Document access patterns and use cases

To begin the enablement process, identify and clearly document all valid access patterns. Access patterns are repeatable types of interactions between elements outside and inside the perimeter. The following are some common access patterns:

  • Data access patterns: Services outside the perimeter store or retrieve data that resides in the perimeter.
  • Resource access patterns:
    • Users access projects in the perimeter through the Google Cloud console.
    • Third-party tools or services manage and access resources inside the perimeter.
    • Services or resources within the perimeter access Google APIs.
  • Endpoint access patterns:
    • Users access resources within the perimeter from a device that your organization manages.
    • On-premises resources communicate to resources within the perimeter.

After you identify the access patterns for a workload, identify your use cases and categorize them under one of the access patterns in the preceding list. The following are some common use cases:

  • Cloud administrators manage projects that are part of a perimeter.
  • Automation services like Terraform, Jenkins, and Microsoft Azure DevOps that reside outside of the perimeter manage resource deployment inside the perimeter.
  • Configuration management services like Ansible, Chef, or Puppet that reside outside of the perimeter manage deployment and configuration of software on resources that are inside the perimeter.
  • Security monitoring and enforcing services like Forseti or SIEM that reside outside of the perimeter consume data or enforce the security policies on a resource that is inside the perimeter.

For every use case, document the following:

  • The access pattern
  • The actors that can trigger the use case
  • Conditions that trigger the use case
  • Whether the use case is a valid access pattern and should be allowed
  • Any assumptions that pertain to the use case

For a sample access pattern and use case tracker, see VPC Service Controls onboarding template - use cases (PDF).

Conduct interviews

Conduct interviews with your workload teams to discuss the access patterns and use cases that you collect from the preceding communications templates. The following are examples of questions that you might ask during these interviews:

  • Are your use cases a first priority to be considered for VPC Service Controls enablement? We recommend that you only consider first priority workloads for the initial enablement, and onboard other, less critical workloads after protecting business-critical resources.

  • Can you complete a comprehensive execution of all use cases? You do this to trigger all possible perimeter scenarios so that you can fully analyze and confirm that the application will function correctly after you enforce the perimeter.

  • How long does it take to run through the use case execution?

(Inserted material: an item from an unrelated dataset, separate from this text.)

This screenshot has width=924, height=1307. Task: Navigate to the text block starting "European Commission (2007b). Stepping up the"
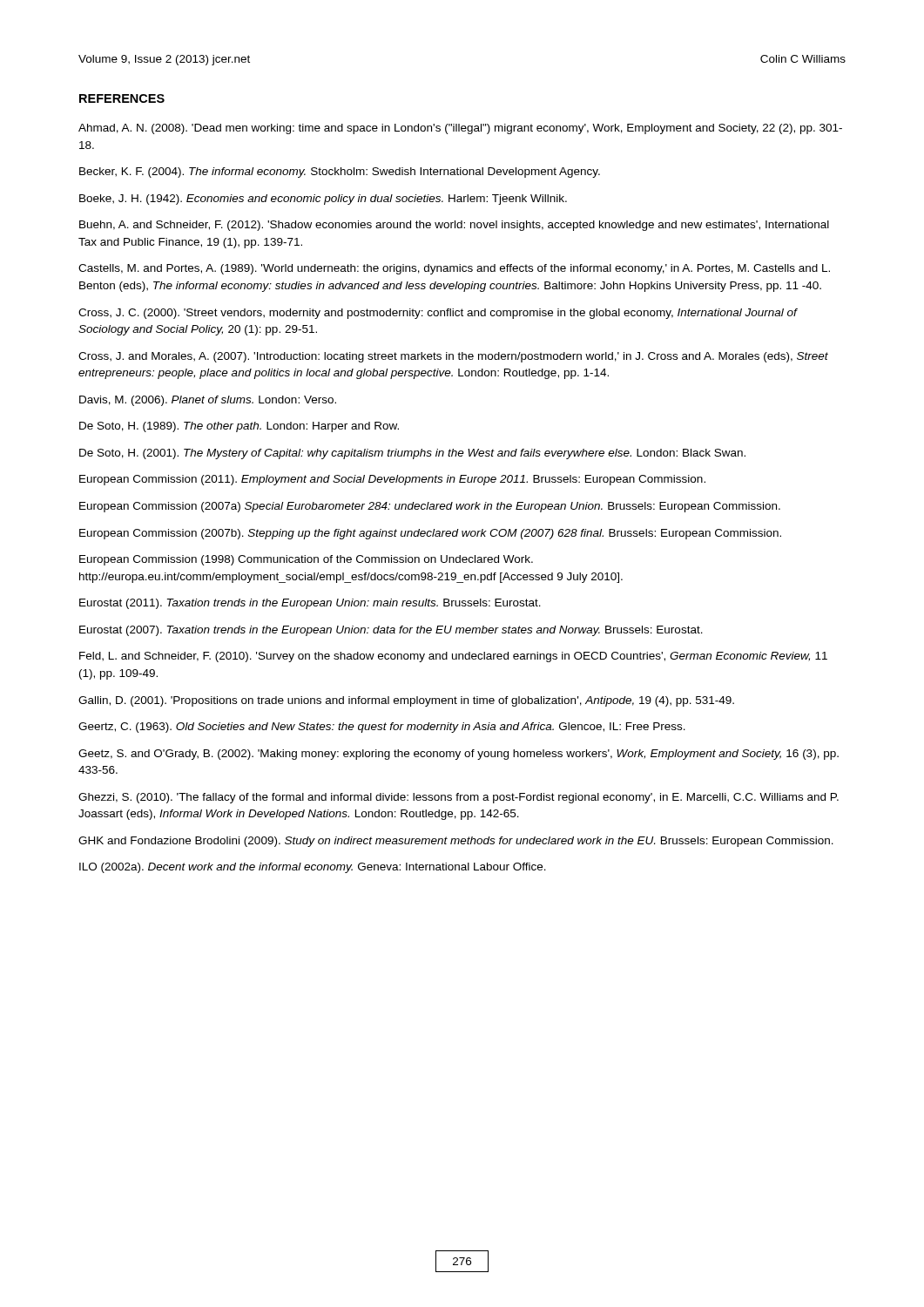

  • Are you planning any major changes for this workload that might conflict with VPC Service Controls enablement? Workload features need to be in a stable state before you enable VPC Service Controls.

Prepare a dry run

The dry run mode reduces the complexity of testing VPC Service Controls enforcement by identifying violations without interruption to the applications. You configure a dry run as a separate perimeter that logs all violations but doesn't perform any blocking. You can execute workloads while they are in the dry run perimeter and generate violation logs to be analyzed.

To prepare the dry-run environment, do the following:

  1. Identify all projects that are qualified to be part of the perimeter, and complete the use case and interview process for those projects.
  2. Create a dry-run perimeter and add all the projects.
  3. In the VPC Service Controls service perimeter, under Restricted Services > Services to protect, add all supported services.
  4. Create an aggregated logging sink that sends all logs to BigQuery, or create a log sink for each project that sends the dry-run logs to a common BigQuery dataset. To query these log messages and identify VPC Service Controls violations, you can use a SQL query.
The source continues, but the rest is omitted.